### TASK INSTRUCTIONS:
The entries that follow must be given again exactly, with the pictures excluded.
-.-.-
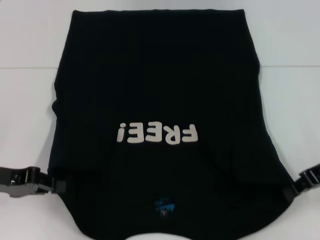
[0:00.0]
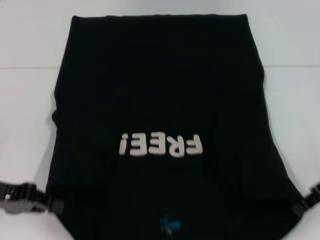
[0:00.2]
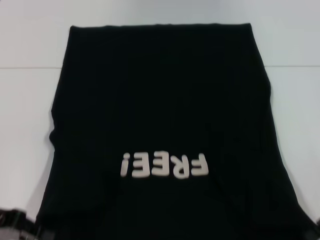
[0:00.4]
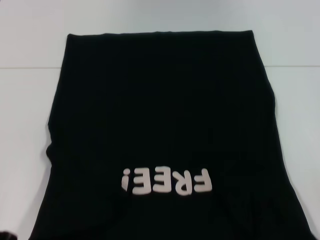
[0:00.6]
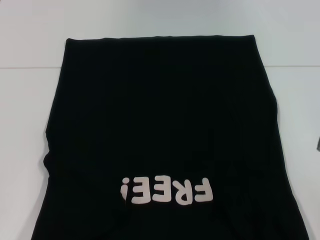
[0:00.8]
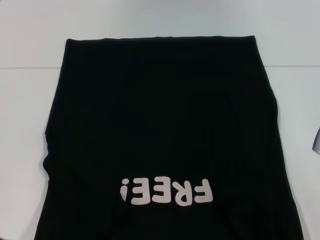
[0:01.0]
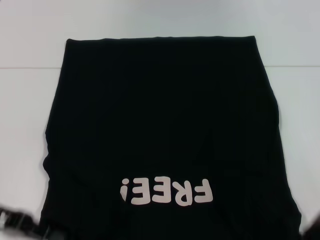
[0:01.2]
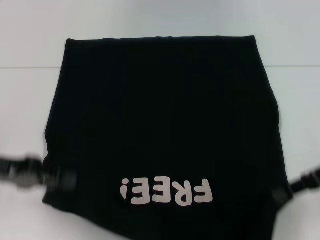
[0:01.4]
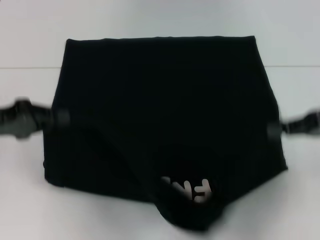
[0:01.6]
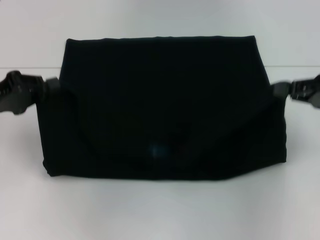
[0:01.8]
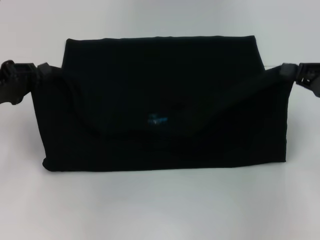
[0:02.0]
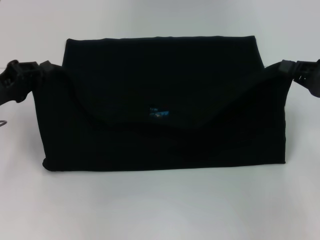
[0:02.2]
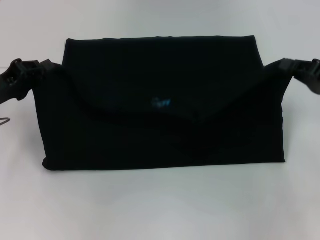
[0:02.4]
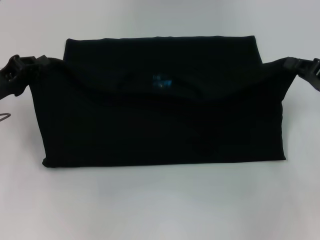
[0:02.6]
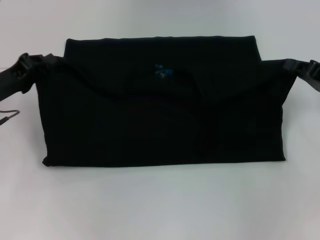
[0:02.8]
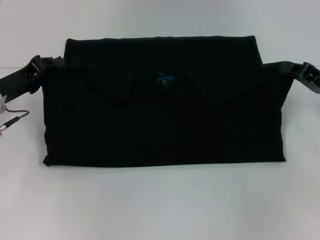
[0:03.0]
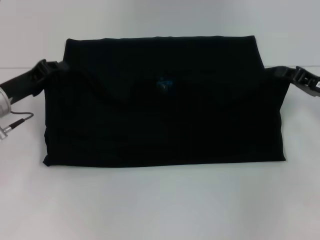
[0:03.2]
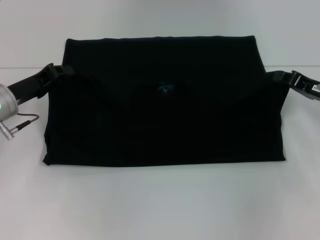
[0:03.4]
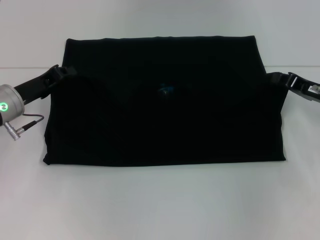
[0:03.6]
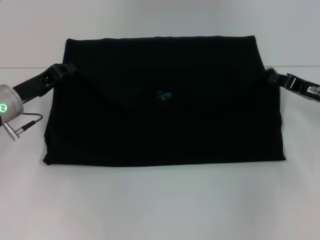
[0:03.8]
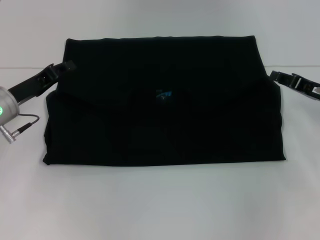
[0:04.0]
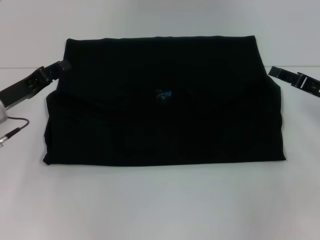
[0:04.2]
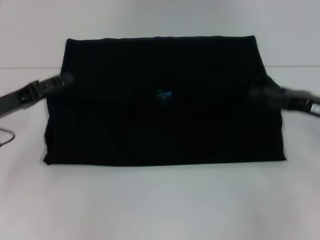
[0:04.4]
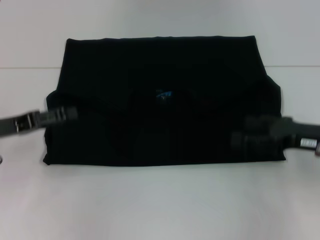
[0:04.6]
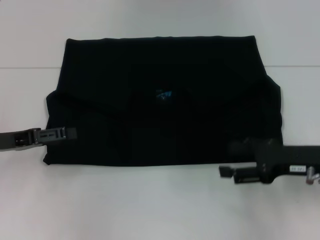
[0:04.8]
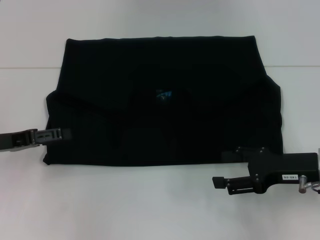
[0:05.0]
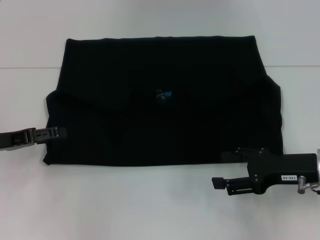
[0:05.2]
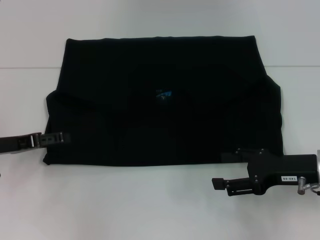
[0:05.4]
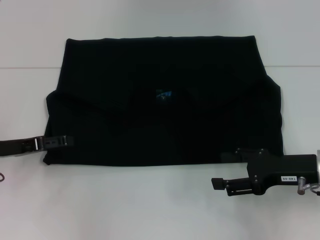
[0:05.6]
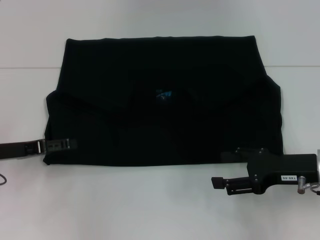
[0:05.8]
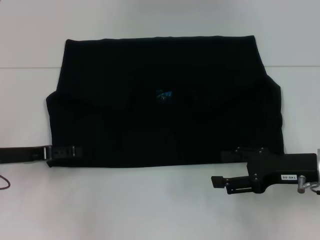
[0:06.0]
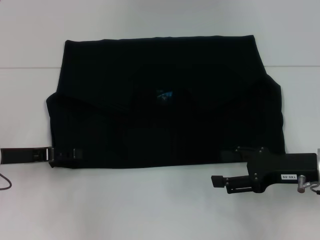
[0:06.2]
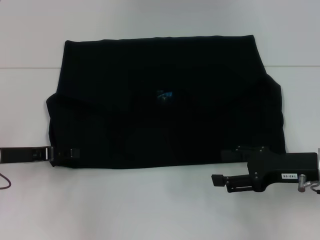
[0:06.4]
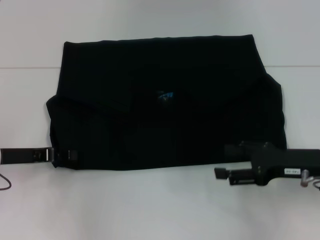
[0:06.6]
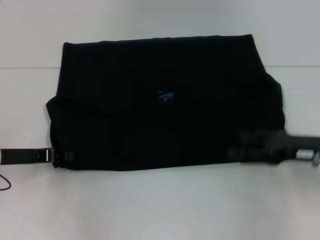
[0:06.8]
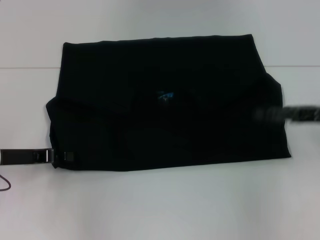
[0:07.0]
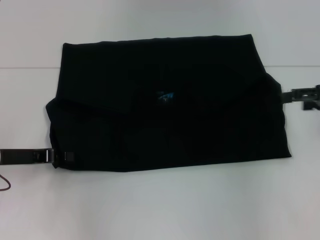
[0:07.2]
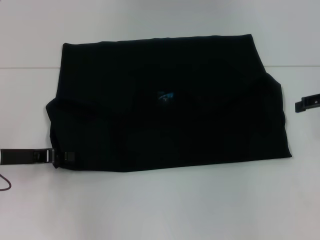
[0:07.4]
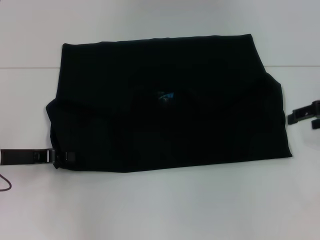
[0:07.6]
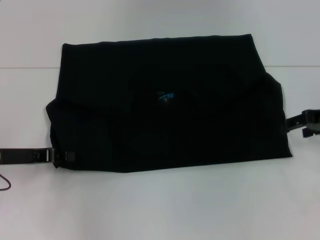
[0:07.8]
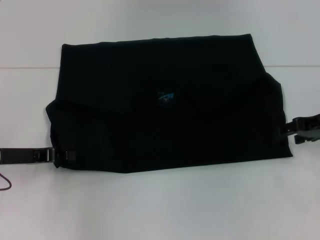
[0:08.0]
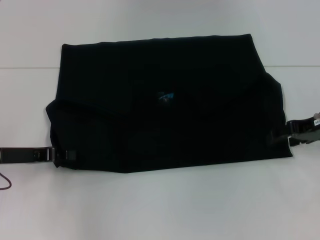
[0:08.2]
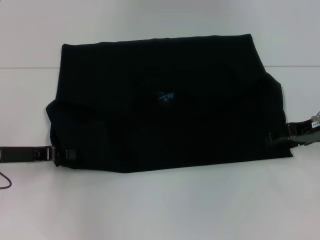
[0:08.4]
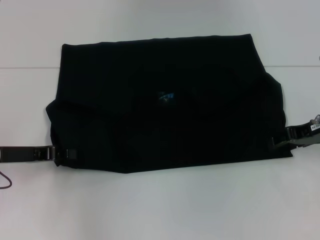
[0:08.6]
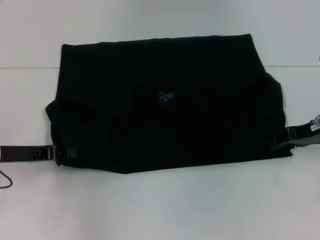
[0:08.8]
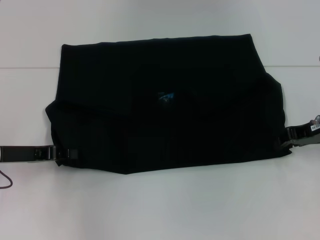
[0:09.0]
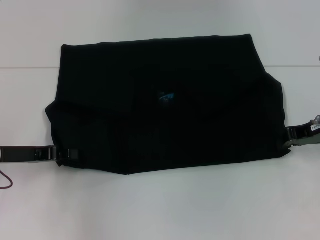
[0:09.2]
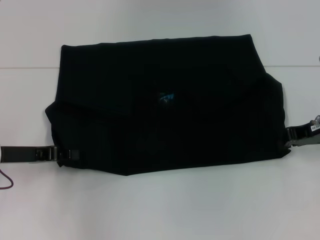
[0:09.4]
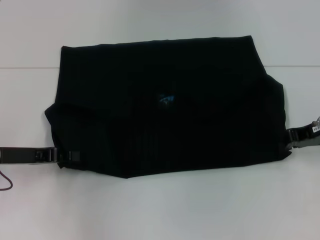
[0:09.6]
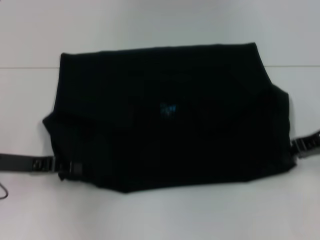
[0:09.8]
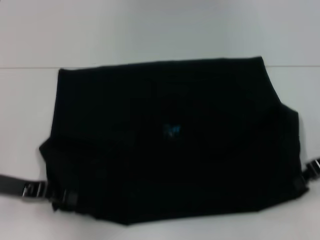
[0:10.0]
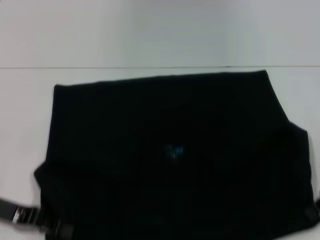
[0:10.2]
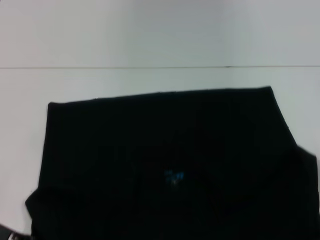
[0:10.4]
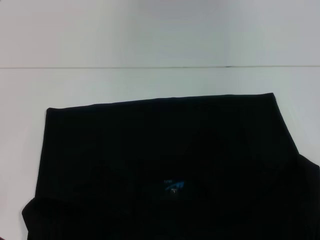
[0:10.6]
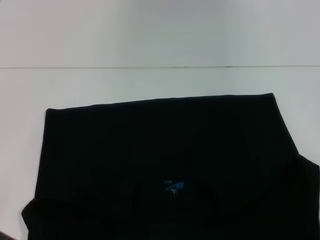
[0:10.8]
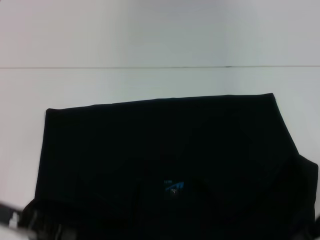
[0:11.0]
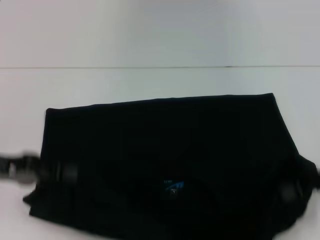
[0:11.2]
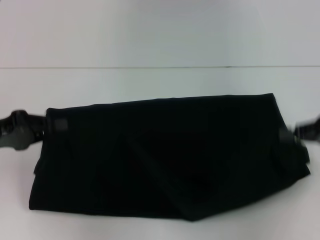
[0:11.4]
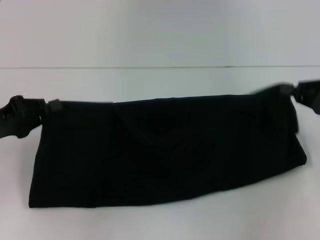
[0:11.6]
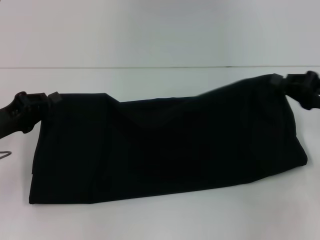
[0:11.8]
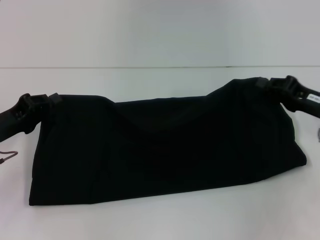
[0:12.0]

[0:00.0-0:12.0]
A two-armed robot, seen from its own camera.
-.-.-
### OUTPUT BELOW:
[0:00.0]
[0:00.2]
[0:00.4]
[0:00.6]
[0:00.8]
[0:01.0]
[0:01.2]
[0:01.4]
[0:01.6]
[0:01.8]
[0:02.0]
[0:02.2]
[0:02.4]
[0:02.6]
[0:02.8]
[0:03.0]
[0:03.2]
[0:03.4]
[0:03.6]
[0:03.8]
[0:04.0]
[0:04.2]
[0:04.4]
[0:04.6]
[0:04.8]
[0:05.0]
[0:05.2]
[0:05.4]
[0:05.6]
[0:05.8]
[0:06.0]
[0:06.2]
[0:06.4]
[0:06.6]
[0:06.8]
[0:07.0]
[0:07.2]
[0:07.4]
[0:07.6]
[0:07.8]
[0:08.0]
[0:08.2]
[0:08.4]
[0:08.6]
[0:08.8]
[0:09.0]
[0:09.2]
[0:09.4]
[0:09.6]
[0:09.8]
[0:10.0]
[0:10.2]
[0:10.4]
[0:10.6]
[0:10.8]
[0:11.0]
[0:11.2]
[0:11.4]
[0:11.6]
[0:11.8]
[0:12.0]

[0:00.0-0:12.0]
A two-armed robot, seen from its own camera.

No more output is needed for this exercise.